=== DATASET EXCERPTS ===
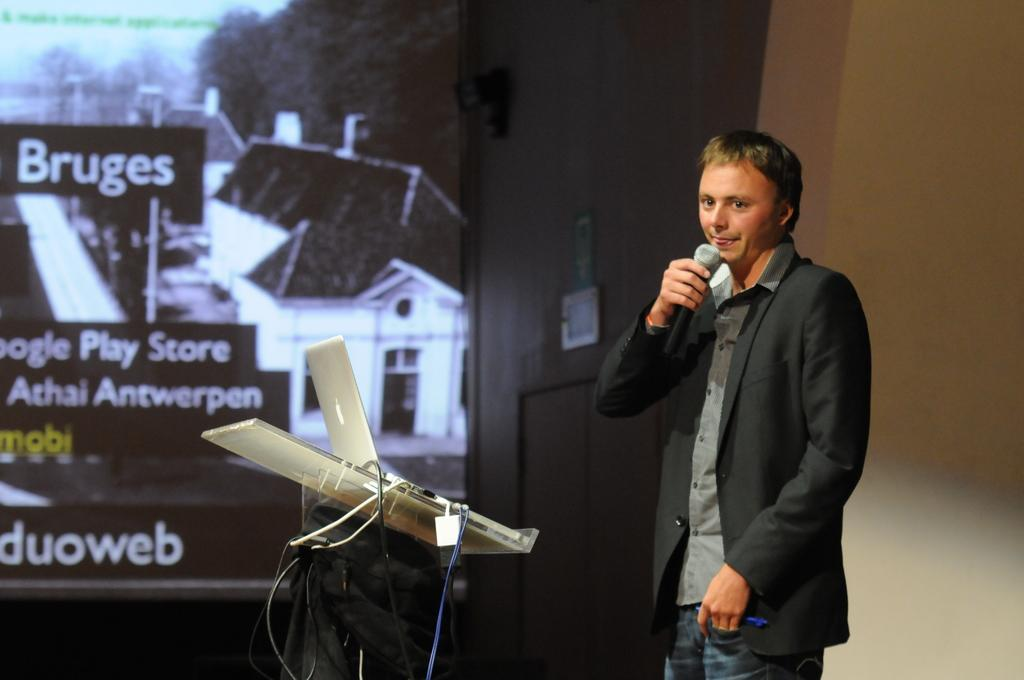What is the man in the image holding? The man is holding a mic. What object is on a stand in the image? There is a laptop on a stand in the image. What can be seen in the background of the image? There is a wall in the background of the image. How many dimes can be seen on the wall in the image? There are no dimes visible on the wall in the image. What type of connection is the man making with the audience in the image? The image does not provide information about the man's connection with the audience, as it only shows him holding a mic and standing near a laptop on a stand. 
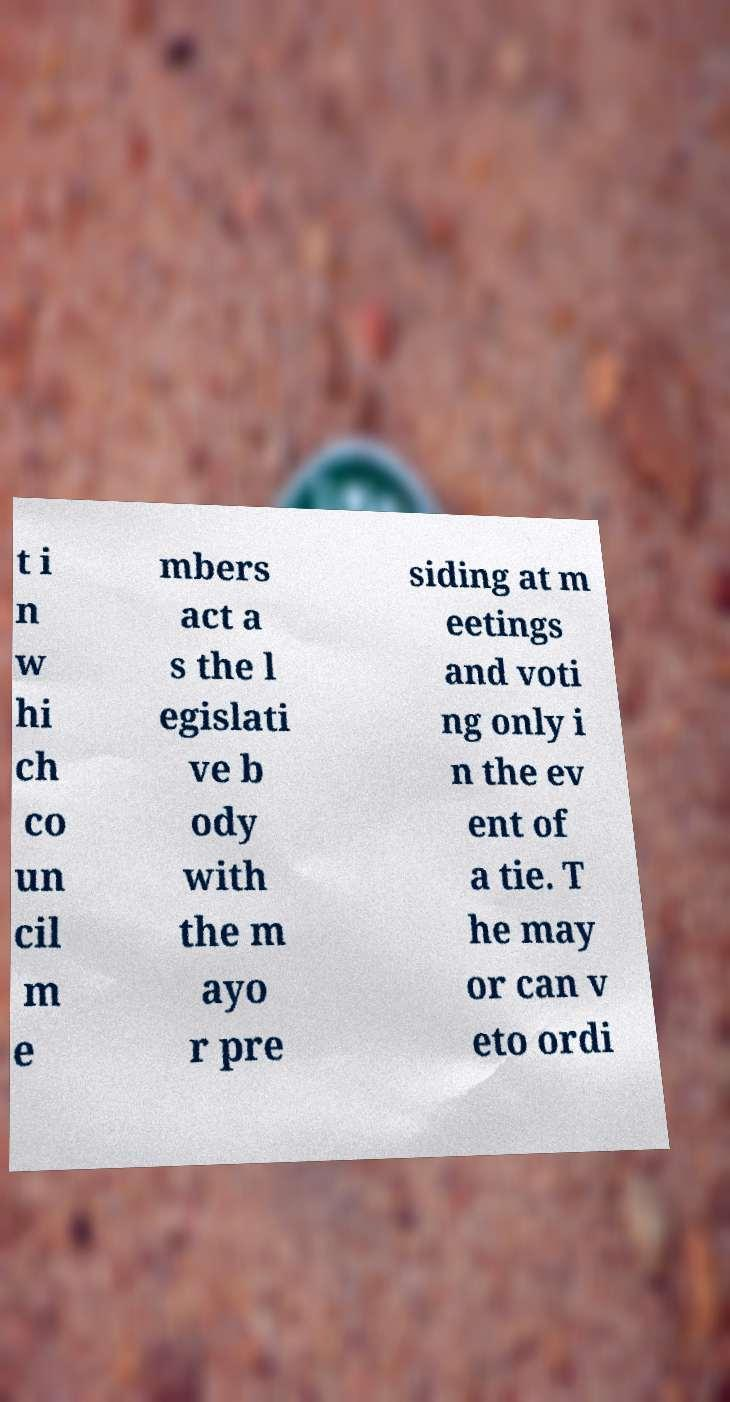Please identify and transcribe the text found in this image. t i n w hi ch co un cil m e mbers act a s the l egislati ve b ody with the m ayo r pre siding at m eetings and voti ng only i n the ev ent of a tie. T he may or can v eto ordi 
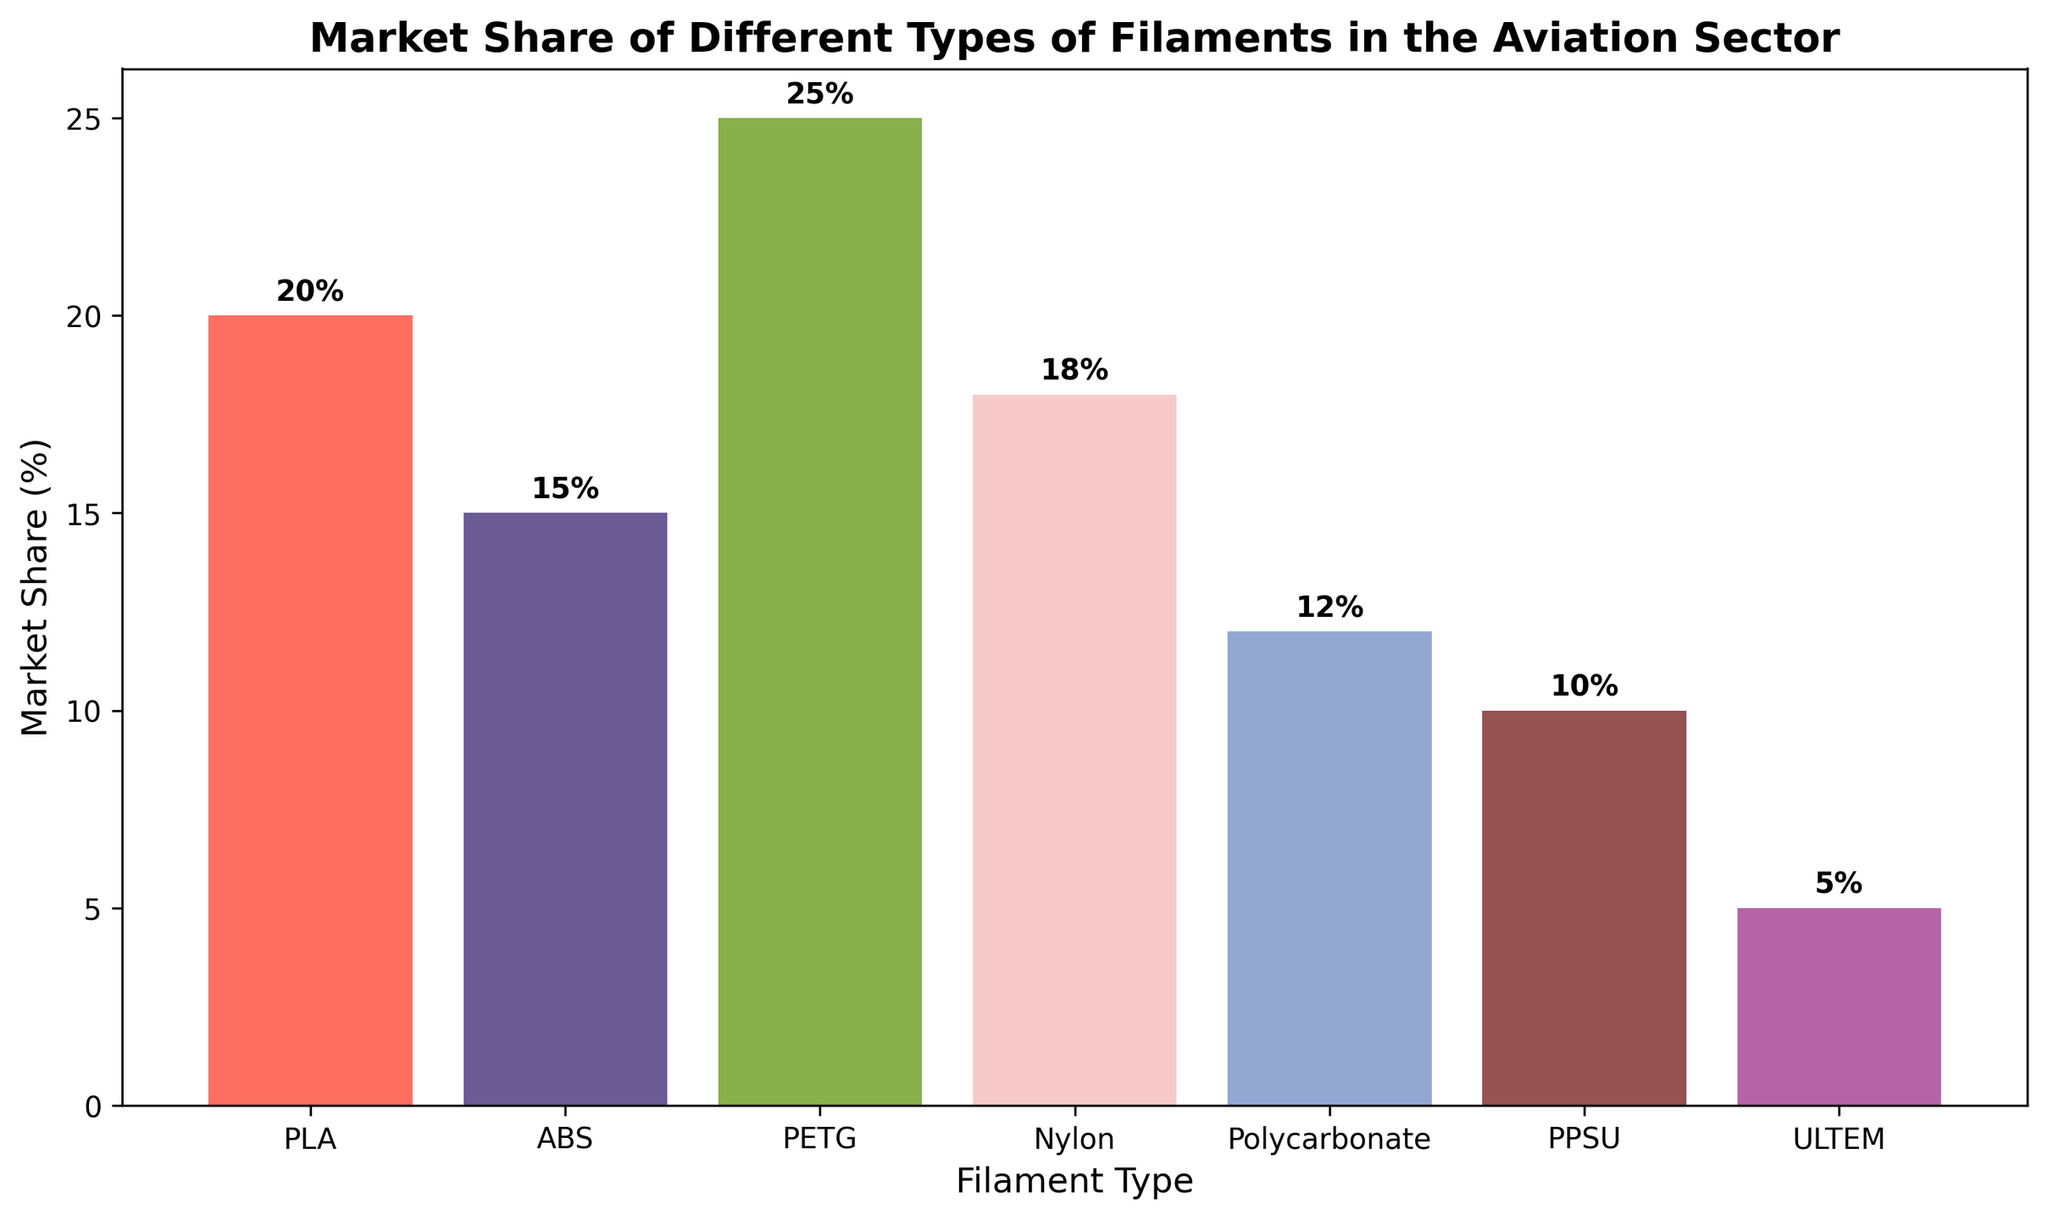Which filament type holds the largest market share? The figure shows that PETG has the highest bar amongst all filament types, signifying its highest market share.
Answer: PETG Which filament type has the smallest market share? The ULTRAM bar is shortest, indicating it has the smallest market share.
Answer: ULTRAM What's the combined market share of Nylon and ABS filaments? The market share of Nylon is 18% and ABS is 15%, so combined it is 18 + 15 = 33%.
Answer: 33% Which filament type has a market share greater than Polycarbonate but less than PLA? Polycarbonate has a 12% market share, and PLA has a 20% market share. Nylon, which has an 18% market share, fits this condition.
Answer: Nylon What’s the difference in market share between the filament with the highest share and the one with the lowest share? PETG has the highest market share at 25%, and ULTRAM has the lowest at 5%. The difference is 25 - 5 = 20%.
Answer: 20% What is the average market share of the six most popular filament types? The market shares of the six most popular filaments: PLA (20%), ABS (15%), PETG (25%), Nylon (18%), Polycarbonate (12%), and PPSU (10%). The average is (20+15+25+18+12+10)/6 = 16.67%.
Answer: 16.67% How much higher is PETG’s market share compared to ABS’s? PETG has a market share of 25%, while ABS has 15%. The difference is 25 - 15 = 10%.
Answer: 10% Out of PLA and Polycarbonate, which one has a higher market share by percentage points, and by how much? PLA has a market share of 20%, while Polycarbonate has 12%. PLA has a higher market share by 20 - 12 = 8 percentage points.
Answer: PLA, 8% What is the sum of the market shares of all filament types except PPSU and ULTRAM? The market shares to sum are: PLA (20%), ABS (15%), PETG (25%), Nylon (18%), Polycarbonate (12%). Sum = 20 + 15 + 25 + 18 + 12 = 90%.
Answer: 90% Looking at the color of the bars, which filament types are represented by shades of blue? The bars for Polycarbonate and PPSU are in shades of blue.
Answer: Polycarbonate and PPSU

=== YOUR TASK ===
Given the data above, transcribe exactly the lines from the one containing "Answer: 20% What" down to the one containing "Answer: 16.67% How", and no others.

=== COMPLETED EXERCISE ===
Answer: 20% What is the average market share of the six most popular filament types? The market shares of the six most popular filaments: PLA (20%), ABS (15%), PETG (25%), Nylon (18%), Polycarbonate (12%), and PPSU (10%). The average is (20+15+25+18+12+10)/6 = 16.67%.
Answer: 16.67% How much higher is PETG’s market share compared to ABS’s? PETG has a market share of 25%, while ABS has 15%. The difference is 25 - 15 = 10%.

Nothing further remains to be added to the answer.